Texas man executed for murdering wife in 2005; last words were apology to her family

A Texas inmate apologized to his wife’s family for murdering her in 2005 before he was executed by lethal injection on Wednesday.

John Gardner, 64, received a lethal injection at the state penitentiary in Huntsville for the January 2005 fatal shooting of Tammy Gardner. Prosecutors said the couple was getting divorced when Gardner broke into his wife's North Texas home and shot her in the head as she lay sick in bed. She died two days later at a hospital.

Asked if he had any last words, Gardner apologized to his wife's son, daughter and mother.

"I would like to say sorry for your grief," he said. "I hope what I'm doing today will give you peace, joy, closure, whatever it takes to forgive. I am sorry. I know you cannot forgive me, but I hope one day you will."

This undated photo provided by the Texas Department of Criminal Justice shows John Gardner.  (Texas Department of Criminal Justice via AP)

Gardner became the first inmate put to death this year in Texas and the U.S. Seven other executions are scheduled in the next few months in Texas.

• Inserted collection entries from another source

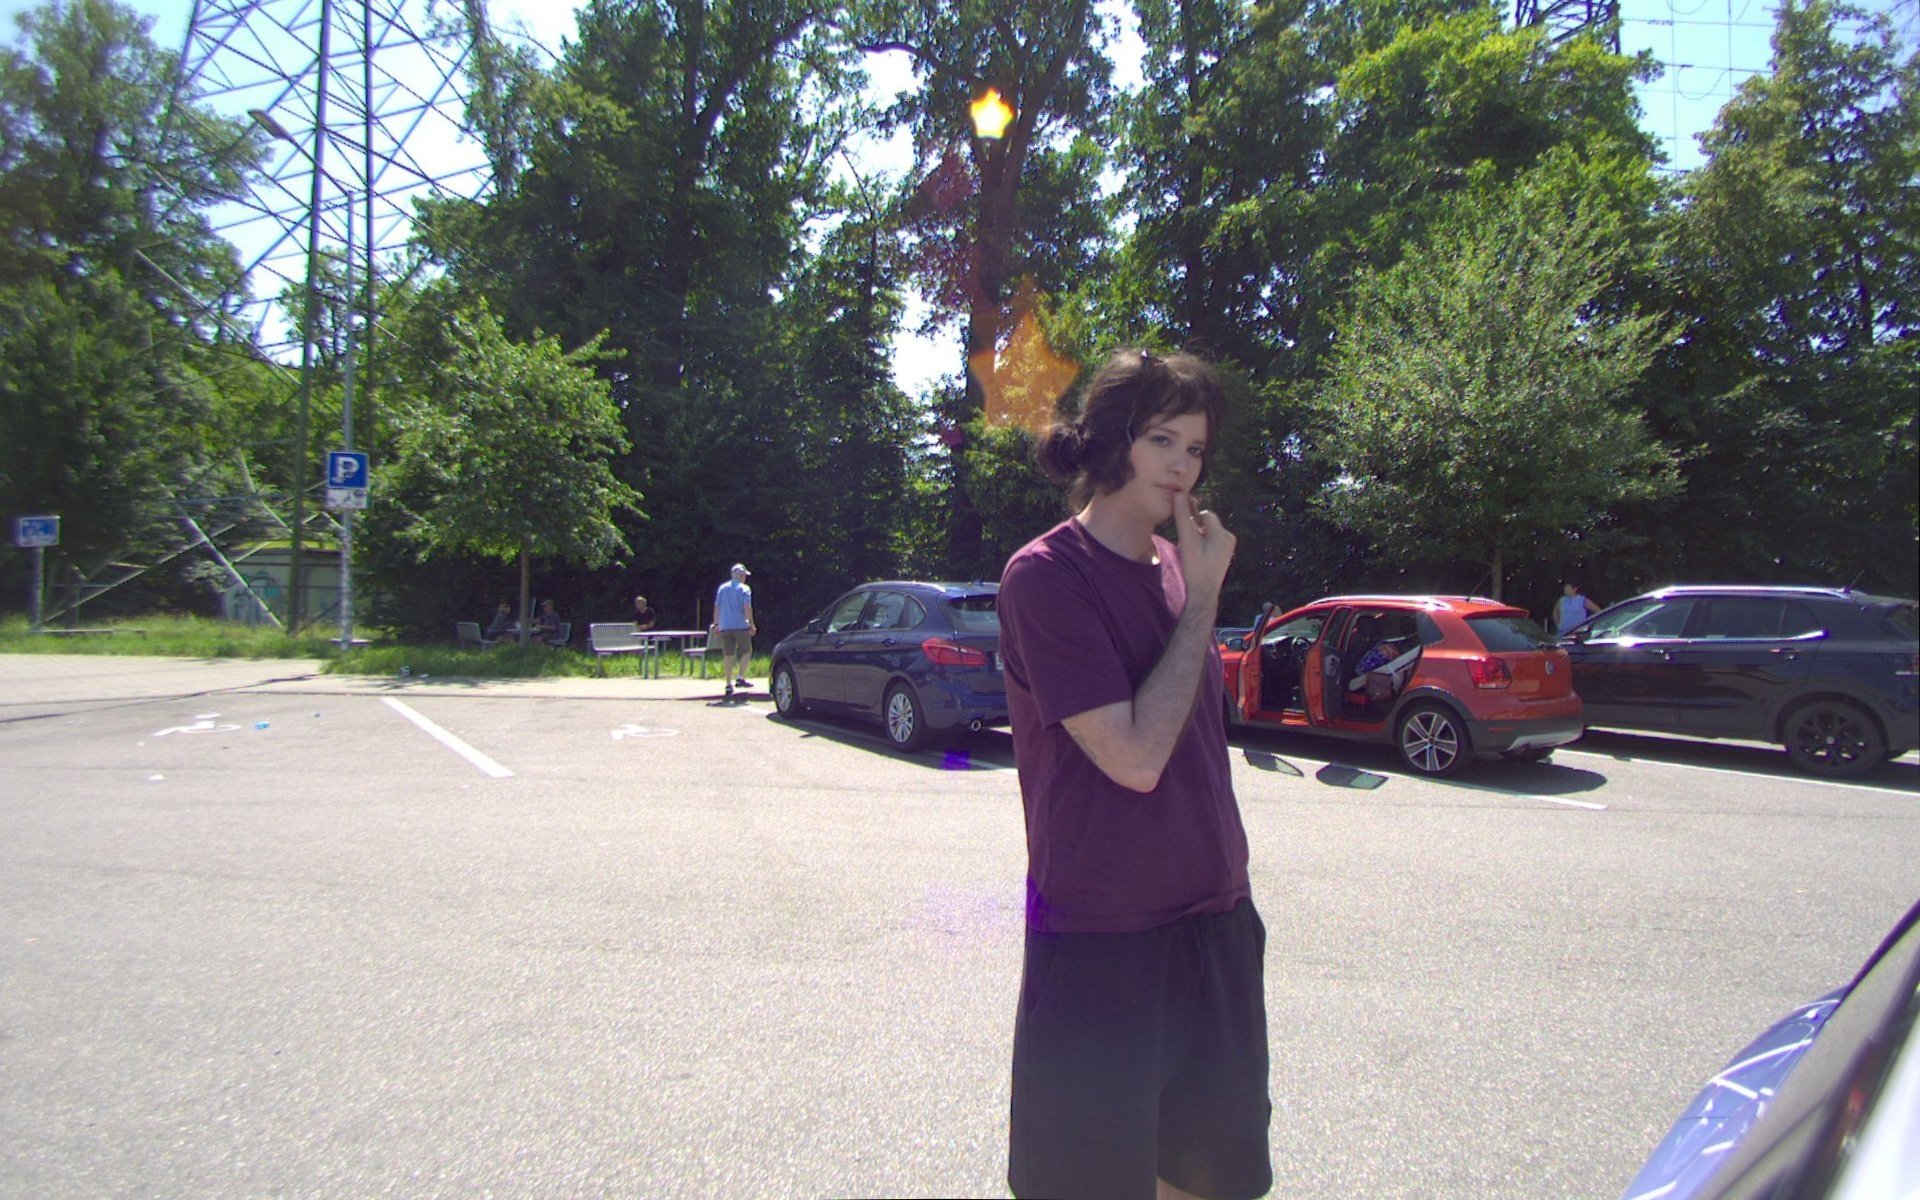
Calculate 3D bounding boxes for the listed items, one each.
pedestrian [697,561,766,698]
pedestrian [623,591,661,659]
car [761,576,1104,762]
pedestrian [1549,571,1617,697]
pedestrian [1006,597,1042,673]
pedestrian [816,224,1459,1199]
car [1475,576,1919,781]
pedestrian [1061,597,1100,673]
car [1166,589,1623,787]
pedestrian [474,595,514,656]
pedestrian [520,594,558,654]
[{"bbox_3d":[-3.008,0.372,13.376,0.664,1.754,0.832,0,0,6],"label":"pedestrian"},{"bbox_3d":[-6.685,0.523,21.300,0.553,1.408,0.700,0,0,2],"label":"pedestrian"},{"bbox_3d":[-0.479,0.558,10.650,1.776,1.562,3.940,1,0,-34],"label":"car"},{"bbox_3d":[9.394,0.501,15.279,0.755,1.854,0.518,0,0,16],"label":"pedestrian"},{"bbox_3d":[1.072,0.586,17.065,0.576,1.251,0.697,0,-1,1],"label":"pedestrian"},{"bbox_3d":[0.202,0.447,1.744,0.844,1.857,0.865,0,0,-5],"label":"pedestrian"},{"bbox_3d":[7.224,0.596,9.693,1.707,1.607,3.732,1,0,-39],"label":"car"},{"bbox_3d":[2.019,0.582,16.999,0.576,1.251,0.697,0,-1,1],"label":"pedestrian"},{"bbox_3d":[3.859,0.646,9.577,1.559,1.467,3.737,1,0,-33],"label":"car"},{"bbox_3d":[-10.515,0.557,22.823,0.687,1.352,0.563,0,0,-40],"label":"pedestrian"},{"bbox_3d":[-9.757,0.547,23.461,0.687,1.352,0.563,0,0,-40],"label":"pedestrian"}]
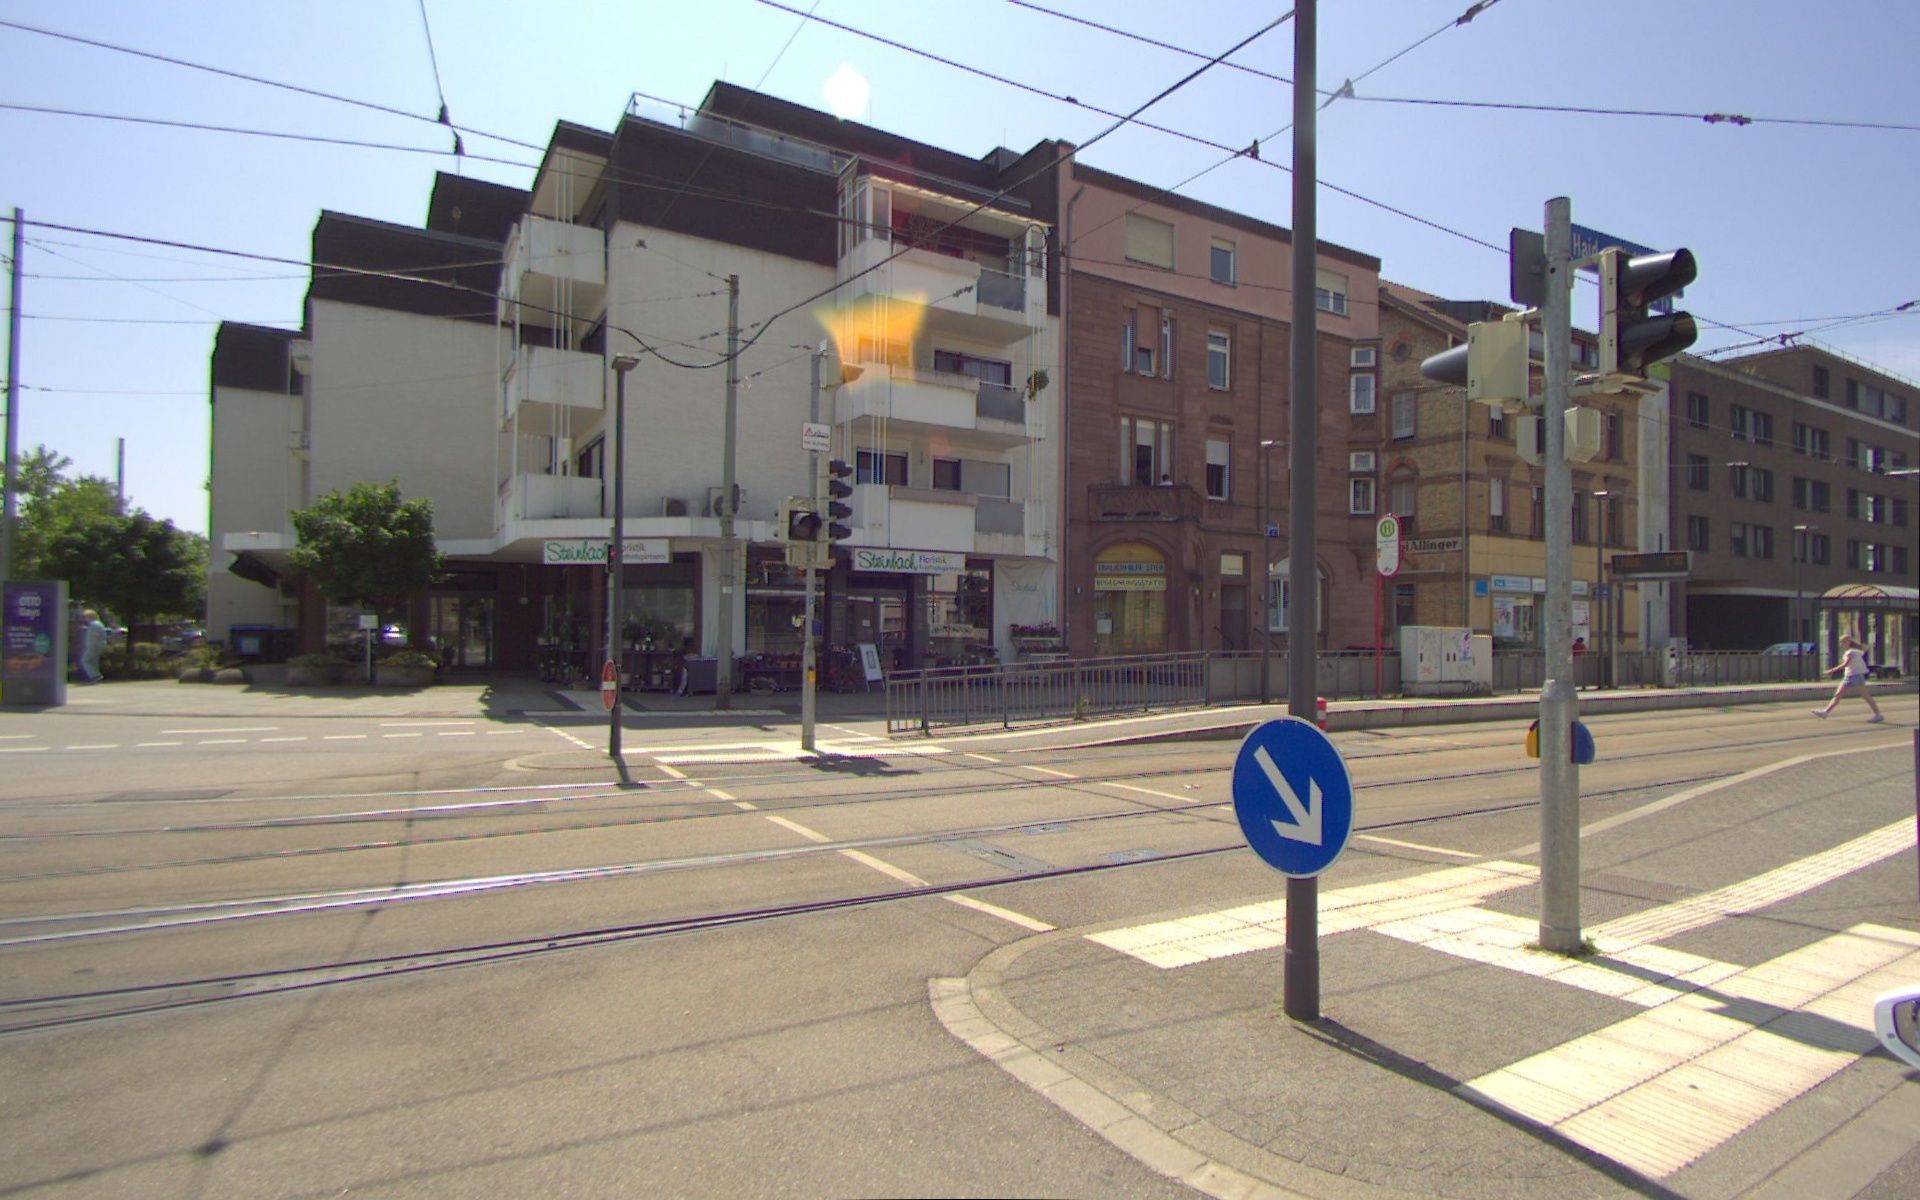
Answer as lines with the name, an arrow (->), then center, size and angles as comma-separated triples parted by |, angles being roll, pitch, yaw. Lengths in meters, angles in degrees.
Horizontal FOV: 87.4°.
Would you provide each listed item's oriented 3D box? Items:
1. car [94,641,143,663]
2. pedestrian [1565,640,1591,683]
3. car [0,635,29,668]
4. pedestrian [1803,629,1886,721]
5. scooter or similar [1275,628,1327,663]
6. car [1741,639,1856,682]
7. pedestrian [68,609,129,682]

His appellate attorneys had petitioned the U.S. Supreme Court to intervene, alleging that his trial lawyers had failed to present evidence that Gardner suffered from "abandonment rage," a condition Gardner claims causes men to kill their female companions with excessive force when faced with abandonment.

The Supreme Court denied the petition on Monday. Seth Kretzer, one of Gardner's attorneys, said he was "deeply saddened" by the Supreme Court's decision.

Prosecutors at trial described the marriage between John and Tammy Gardner as short but violent. She was Gardner's fifth wife. The couple married in 1999.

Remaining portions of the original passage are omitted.